### [Exercise aim]
Reproduce exactly, from the data that follows, the line with "Next, the truck (1810,577,1919,687).", the line with "Next, the pedestrian (760,621,797,687).", and every line that lies between them.

-------- The data

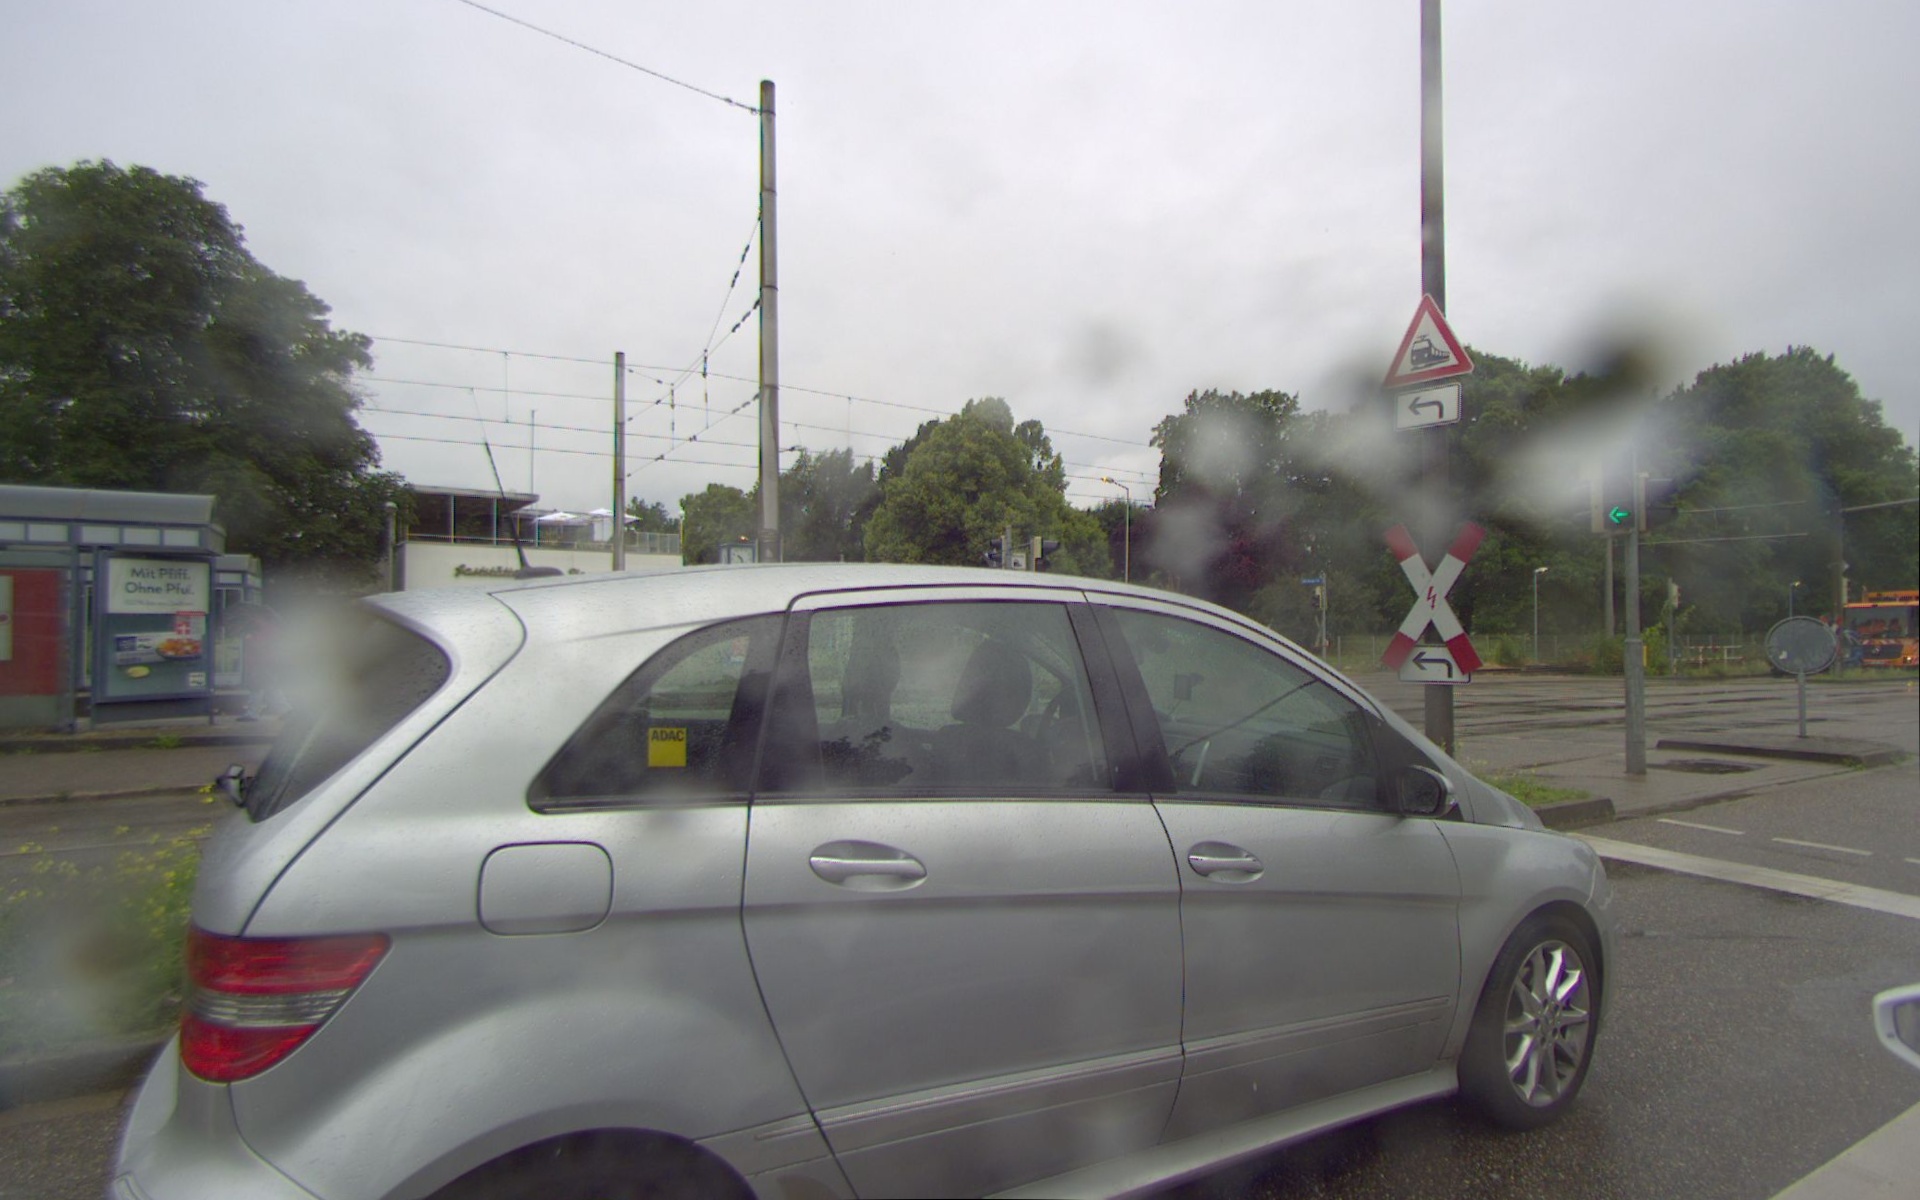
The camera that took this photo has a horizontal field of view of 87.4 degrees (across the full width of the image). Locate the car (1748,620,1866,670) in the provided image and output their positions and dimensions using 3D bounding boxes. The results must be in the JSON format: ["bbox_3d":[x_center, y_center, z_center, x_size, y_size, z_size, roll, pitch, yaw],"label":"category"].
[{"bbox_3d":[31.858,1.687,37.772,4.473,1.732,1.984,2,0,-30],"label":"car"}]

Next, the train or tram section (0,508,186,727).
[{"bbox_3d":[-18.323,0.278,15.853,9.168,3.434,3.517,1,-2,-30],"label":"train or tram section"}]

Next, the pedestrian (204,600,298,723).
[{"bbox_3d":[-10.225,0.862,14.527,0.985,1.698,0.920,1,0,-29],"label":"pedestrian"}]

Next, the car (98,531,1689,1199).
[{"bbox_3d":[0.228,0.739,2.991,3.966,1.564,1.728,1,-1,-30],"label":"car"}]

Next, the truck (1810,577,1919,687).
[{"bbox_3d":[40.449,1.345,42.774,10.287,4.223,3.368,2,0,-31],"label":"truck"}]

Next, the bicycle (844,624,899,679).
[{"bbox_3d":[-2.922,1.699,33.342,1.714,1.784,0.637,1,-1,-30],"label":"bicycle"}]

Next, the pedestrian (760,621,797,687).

----------------
-------- The data

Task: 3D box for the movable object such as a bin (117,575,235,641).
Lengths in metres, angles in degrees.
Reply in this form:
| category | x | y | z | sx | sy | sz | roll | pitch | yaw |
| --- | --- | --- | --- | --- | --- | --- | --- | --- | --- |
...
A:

----------------
-------- The data

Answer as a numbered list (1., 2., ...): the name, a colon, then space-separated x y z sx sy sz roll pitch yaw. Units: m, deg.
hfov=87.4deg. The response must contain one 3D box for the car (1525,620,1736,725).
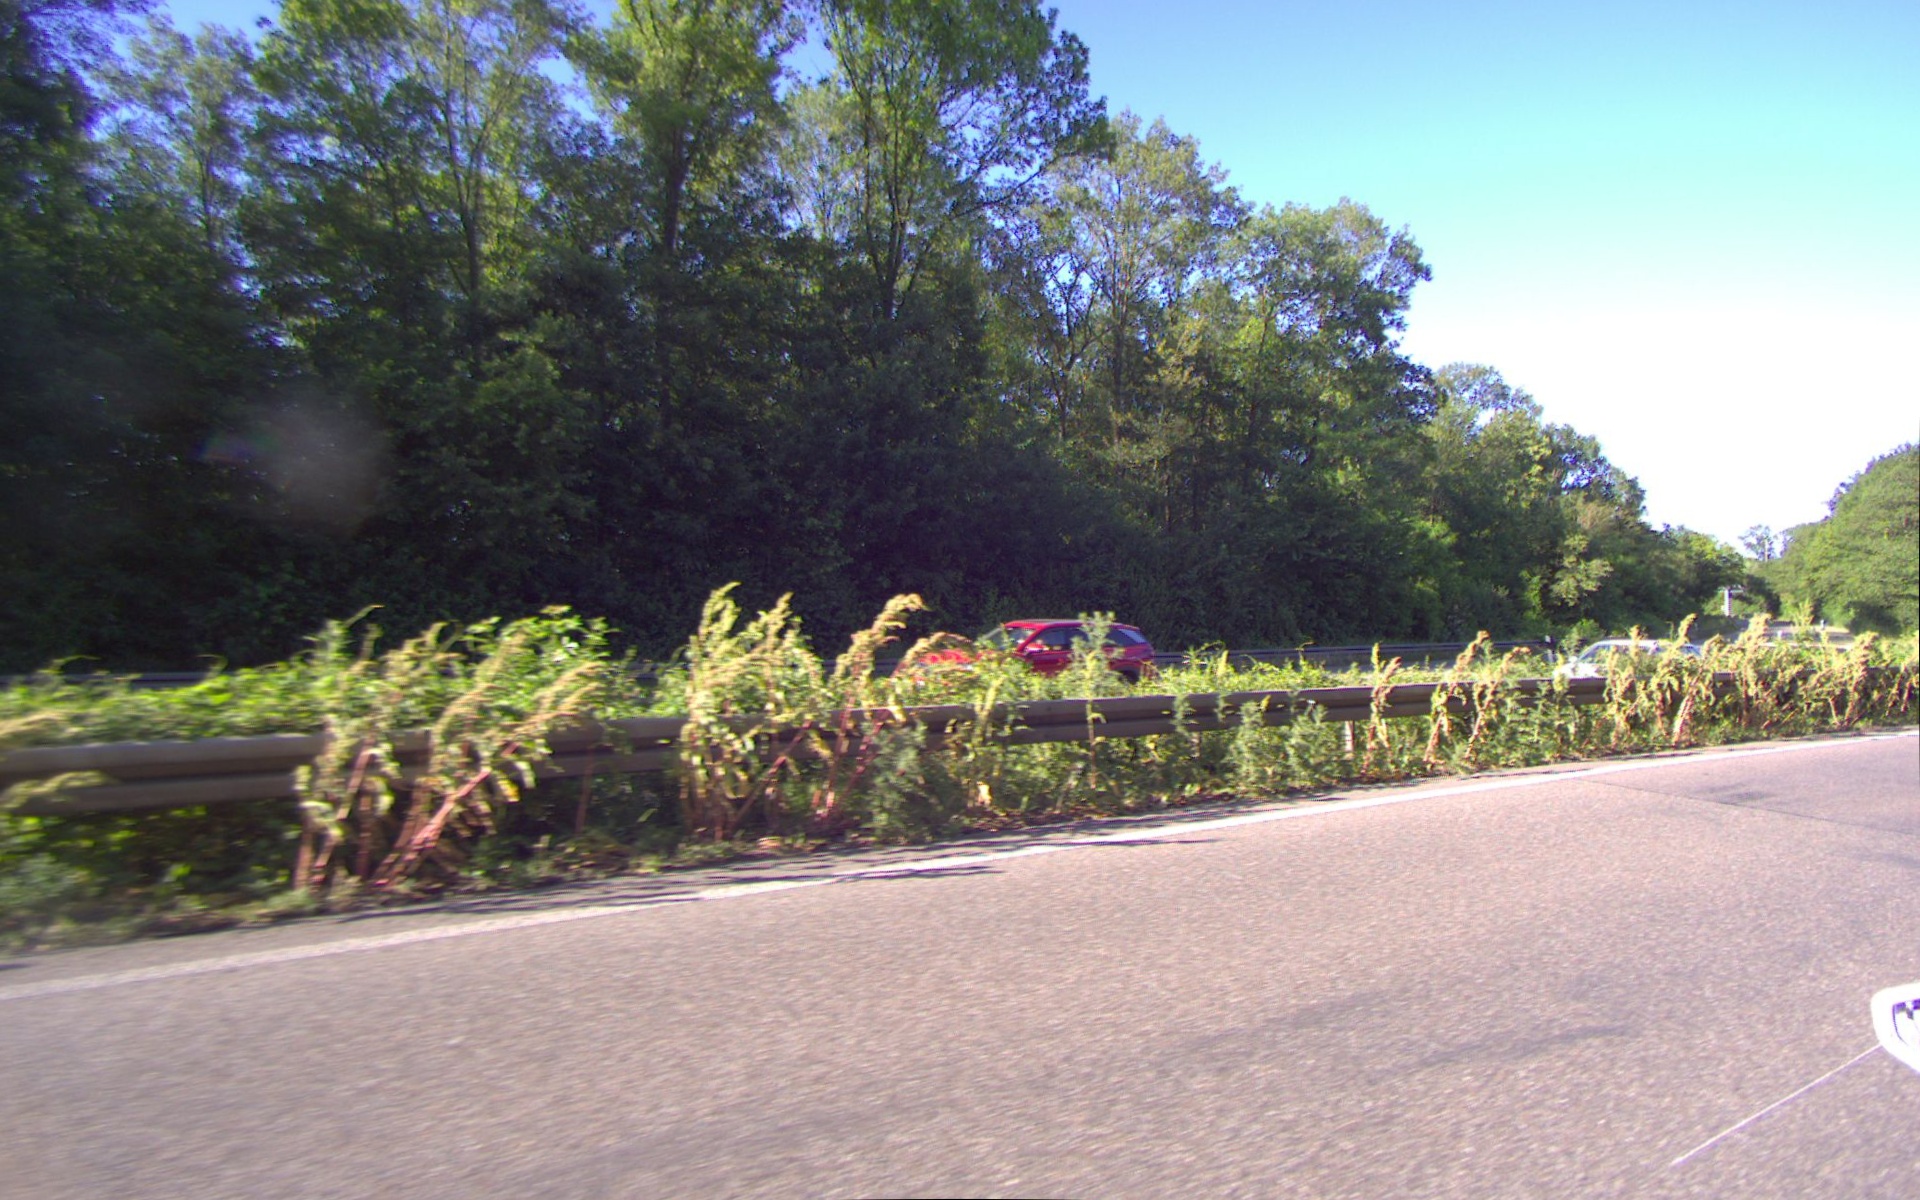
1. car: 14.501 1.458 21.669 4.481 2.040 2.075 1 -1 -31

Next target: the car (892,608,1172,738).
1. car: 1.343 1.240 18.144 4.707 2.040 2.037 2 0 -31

----------------

### [Written reply]
Next, the truck (1810,577,1919,687).
[{"bbox_3d":[40.449,1.345,42.774,10.287,4.223,3.368,2,0,-31],"label":"truck"}]

Next, the bicycle (844,624,899,679).
[{"bbox_3d":[-2.922,1.699,33.342,1.714,1.784,0.637,1,-1,-30],"label":"bicycle"}]

Next, the pedestrian (760,621,797,687).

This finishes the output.